Line chart with geom_line()
The simplest plot for change over time is geom_line(). The connected scatterplot is almost the same plot, but each observation is represented by a point.
ggplot(strains |> filter(strain == "Strain C"),
aes(x = date,
y = count)) +
geom_line() +
labs(title = "Strain C Count Over Time",
x = "Date",
y = "Count") +
theme_minimal()
Visual interest with geom_area()
The geom_area() function uses the same principal but also includes a filled or shaded area below the line. This is the same data, but due to the shading makes the whole plot look less empty.

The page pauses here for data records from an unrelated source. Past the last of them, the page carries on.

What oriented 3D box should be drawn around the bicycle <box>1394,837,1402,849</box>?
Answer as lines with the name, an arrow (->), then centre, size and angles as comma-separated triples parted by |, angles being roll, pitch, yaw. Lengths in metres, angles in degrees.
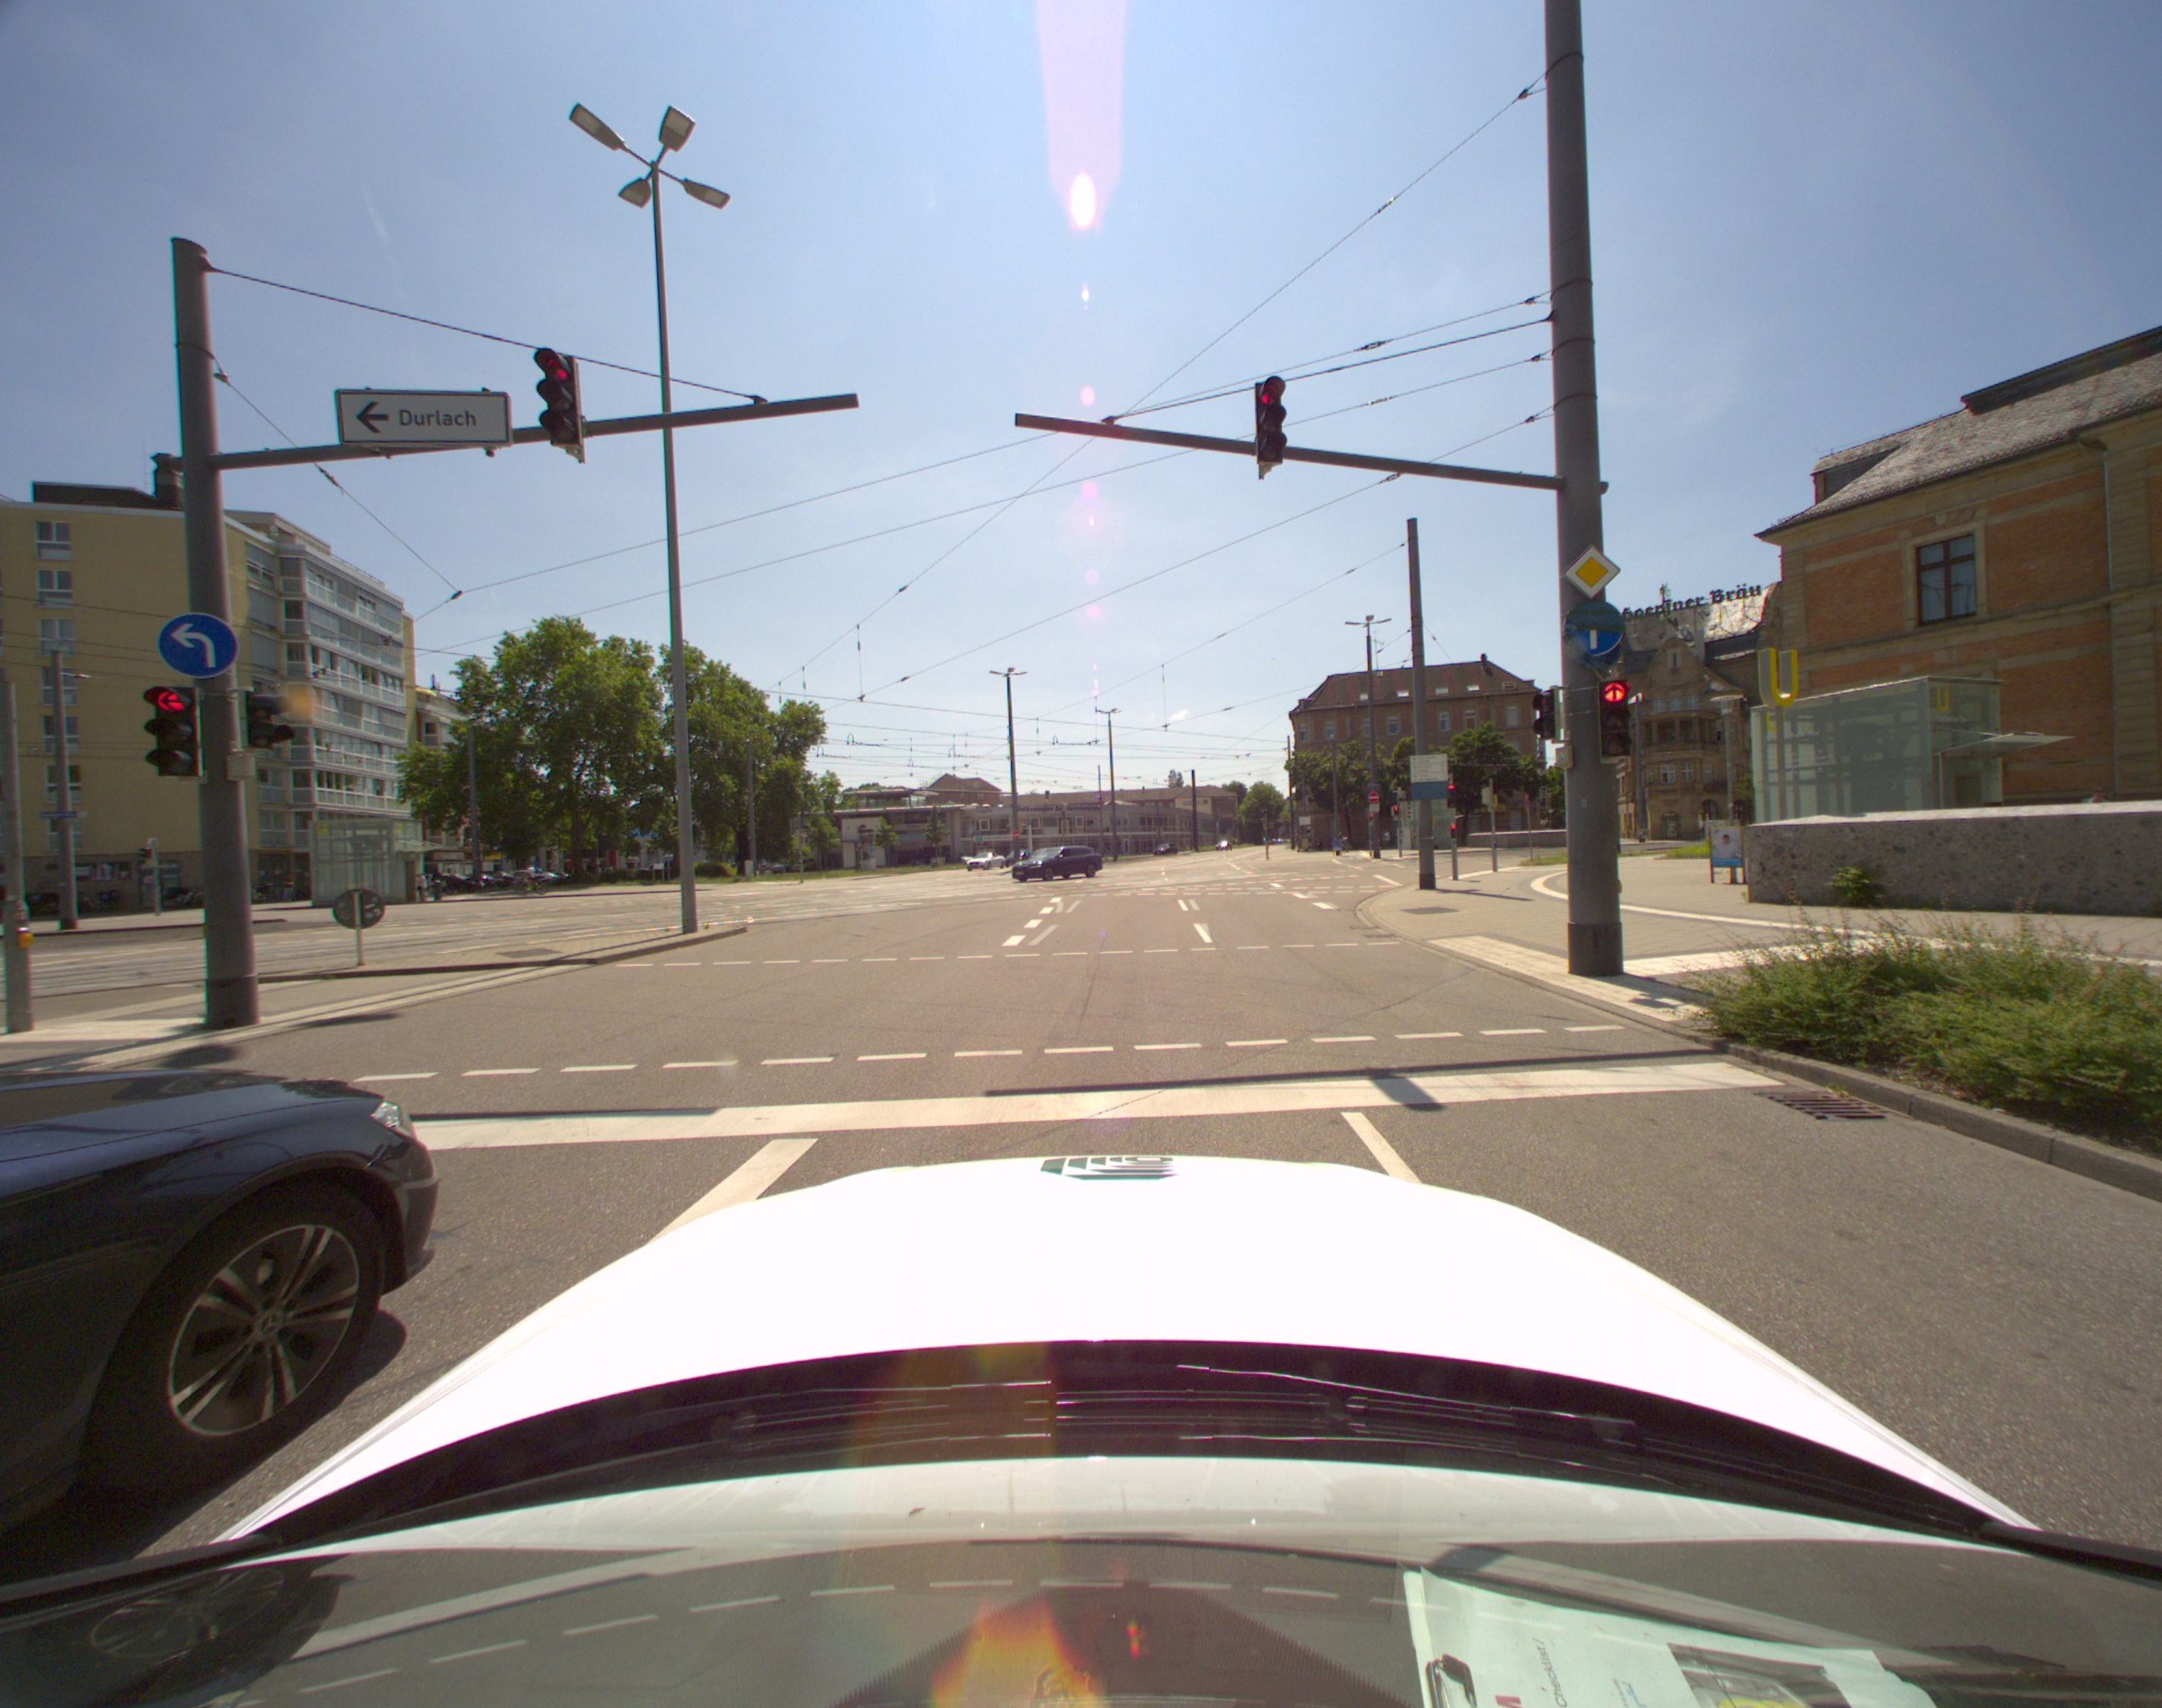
bicycle -> 30.479, -1.027, 78.290 | 0.546, 1.120, 1.938 | -2, 0, 18

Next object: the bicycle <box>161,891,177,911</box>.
bicycle -> -51.715, 2.655, 46.198 | 0.435, 1.026, 1.426 | -2, 0, -42

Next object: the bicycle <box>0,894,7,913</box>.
bicycle -> -58.953, 2.694, 44.244 | 0.435, 1.026, 1.426 | -2, 0, -42

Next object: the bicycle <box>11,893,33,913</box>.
bicycle -> -57.882, 2.688, 44.522 | 0.435, 1.026, 1.426 | -2, 0, -42

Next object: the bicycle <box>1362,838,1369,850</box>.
bicycle -> 27.502, -0.970, 78.626 | 0.546, 1.119, 1.829 | -2, 0, 18

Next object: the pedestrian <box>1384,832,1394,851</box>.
pedestrian -> 27.354, -1.092, 72.396 | 0.463, 1.708, 0.634 | -2, 0, -28

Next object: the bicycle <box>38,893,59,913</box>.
bicycle -> -56.939, 2.684, 44.918 | 0.435, 1.026, 1.426 | -2, 0, -42

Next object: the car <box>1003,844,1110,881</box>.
car -> -1.047, 0.368, 37.519 | 1.975, 1.465, 4.875 | -2, 0, 45

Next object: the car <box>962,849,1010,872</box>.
car -> -7.521, 0.477, 64.903 | 2.061, 1.580, 4.866 | -2, 0, 15

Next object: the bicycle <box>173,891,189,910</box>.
bicycle -> -51.250, 2.653, 46.367 | 0.435, 1.026, 1.426 | -2, 0, -42

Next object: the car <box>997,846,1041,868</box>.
car -> -5.376, 0.232, 70.997 | 1.977, 1.700, 4.870 | -2, 0, 19

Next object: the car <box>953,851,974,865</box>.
car -> -14.541, 0.519, 100.838 | 1.913, 1.707, 4.002 | 0, 0, 2

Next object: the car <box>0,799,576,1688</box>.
car -> -2.951, 0.758, 0.712 | 1.790, 1.640, 4.808 | -2, 0, 2

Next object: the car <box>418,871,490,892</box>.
car -> -49.118, 2.114, 63.896 | 3.998, 1.420, 1.988 | -2, 0, -18

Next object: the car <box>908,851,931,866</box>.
car -> -20.028, 0.562, 101.151 | 1.913, 1.707, 4.002 | 0, 0, 2

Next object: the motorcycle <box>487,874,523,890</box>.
motorcycle -> -39.353, 1.932, 55.679 | 1.925, 0.961, 0.521 | -3, 0, -29

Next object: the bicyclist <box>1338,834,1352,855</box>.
bicyclist -> 22.082, -0.794, 68.062 | 1.065, 1.808, 0.475 | 0, -1, -23

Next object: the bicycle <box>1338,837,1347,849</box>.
bicycle -> 25.564, -1.033, 79.591 | 0.440, 1.146, 2.099 | -1, 0, 9

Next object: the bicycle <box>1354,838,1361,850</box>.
bicycle -> 26.684, -0.936, 78.579 | 0.546, 1.119, 1.830 | -2, 0, 22

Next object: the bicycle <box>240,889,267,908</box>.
bicycle -> -49.302, 2.654, 48.532 | 0.432, 1.026, 1.437 | -2, 0, -14

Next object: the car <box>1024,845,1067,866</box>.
car -> -2.939, 0.088, 69.067 | 1.977, 1.637, 4.870 | -2, 0, 19

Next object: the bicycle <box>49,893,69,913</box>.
bicycle -> -56.433, 2.681, 44.992 | 0.435, 1.026, 1.426 | -2, 0, -42

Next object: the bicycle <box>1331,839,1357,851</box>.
bicycle -> 21.981, -0.745, 68.021 | 2.115, 1.052, 0.687 | 0, -1, -23

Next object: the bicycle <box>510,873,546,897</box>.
bicycle -> -31.471, 1.758, 46.367 | 1.508, 1.216, 0.713 | -2, 0, -16

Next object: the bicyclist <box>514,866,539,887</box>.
bicyclist -> -31.551, 1.274, 46.340 | 0.927, 1.142, 0.713 | -2, 0, -15

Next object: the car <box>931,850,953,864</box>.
car -> -17.234, 0.343, 101.002 | 1.913, 1.707, 4.002 | 0, 0, 2

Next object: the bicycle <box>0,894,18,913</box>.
bicycle -> -58.482, 2.692, 44.371 | 0.435, 1.026, 1.426 | -2, 0, -42

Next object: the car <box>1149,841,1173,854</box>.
car -> 10.681, -0.873, 107.933 | 2.061, 1.682, 4.870 | -2, 0, 19

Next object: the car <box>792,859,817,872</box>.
car -> -34.827, 1.455, 102.555 | 1.763, 1.510, 4.322 | -2, 0, -3

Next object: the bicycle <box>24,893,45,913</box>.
bicycle -> -57.427, 2.686, 44.682 | 0.435, 1.026, 1.426 | -2, 0, -42

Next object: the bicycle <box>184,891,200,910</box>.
bicycle -> -50.828, 2.651, 46.556 | 0.435, 1.026, 1.426 | -2, 0, -42

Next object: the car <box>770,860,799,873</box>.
car -> -37.486, 1.591, 103.074 | 1.760, 1.510, 4.330 | -2, 0, 3

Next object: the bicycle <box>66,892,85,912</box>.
bicycle -> -55.936, 2.680, 45.313 | 0.435, 1.026, 1.426 | -2, 0, -42

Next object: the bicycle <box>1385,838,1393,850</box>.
bicycle -> 29.712, -0.938, 78.531 | 0.546, 1.119, 1.879 | -2, 0, 18

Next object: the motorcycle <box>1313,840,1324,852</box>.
motorcycle -> 23.075, -0.780, 79.122 | 0.577, 1.074, 1.949 | -2, 0, 6

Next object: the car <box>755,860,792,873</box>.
car -> -40.949, 1.720, 108.478 | 4.343, 1.510, 1.754 | -3, 0, -34

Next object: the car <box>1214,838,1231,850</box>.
car -> 22.275, -1.561, 127.908 | 1.977, 1.776, 4.019 | -1, -1, 19

ggplot(strains |> filter(strain == "Strain B"),
aes(x = date, y = count)) +
geom_area(fill = "black",
alpha = 0.4) +
geom_line(color = "black",
linewidth = 0.5) + # Keeps the line for clarity
labs(title = "Strain B Count Over Time (Area Chart)",
x = "Date",
y = "Count") +
theme_minimal()
The choice of geom_line() or geom_area() is purely aesthetic.
Stacked area chart
The stacked area chart can be used to create a strong visual impact, especially if the correct colours are chosen. Here’s an awesome example from Cédric Scherer:

Let’s create a stacked area charts of our strains:
ggplot(strains, aes(x = date,
y = count,
fill = strain)) +
geom_area(alpha = 0.6) + # Fill areas with transparency
labs(title = "Stacked Area Chart of Strain Counts Over Time",
x = "Date",
y = "Count",
fill = "Strain") +
theme_minimal()
EXERCISE 🧠🏋️♀️ (4 mins) On the dubious rise of our strains…
…and the flaw with stacked area charts
Looking at the stacked area plot you would be forgiven for thinking all three strains have increased over time. Because stacked area plots can be misleading, they are not always recommended as a type of visualisation.
Investigate more closely each strain count, by changing one strain at a time filter(strain== "Strain A") (and updating the figure title of course) and plotting the area and line chart. What do you notice about the fluctuation over time for each strain? Is this visualised well in our stacked area chart (where fill = strain)?



What you will notice that Strain A has not increased in count and is almost exactly where it started! But in our stacked area chart, it appears that every strain goes up. You should only use a stacked area chart when you are interested in the total value of all variables together, and not the individual values of each variable (e.g., parts of a whole, percentages summing to 100%).
An alternative to stacked area plots is the use of facet, which will allow us to visualise multiple strains at once by creating individual panels (e.g., try add + facet_grid(strain ~ .) to the stacked area code block earlier. Swapping the tilde, dot and stock order (. ~ strain) rearranges the layout to vertical instead of horizontal).
Summary
The two key messages from this episode are:
There are lots of different chart types available to you, and they mostly follow the same template with slight variations in the
geom_*()function and the arguments supplied.How you visualise your data can have an impact on what other people see. The human brain is amazing, but even on our best days we make assumptions, or can be distracted, and reach the wrong conclusion. Strive to make your data as clear and transparent as possible.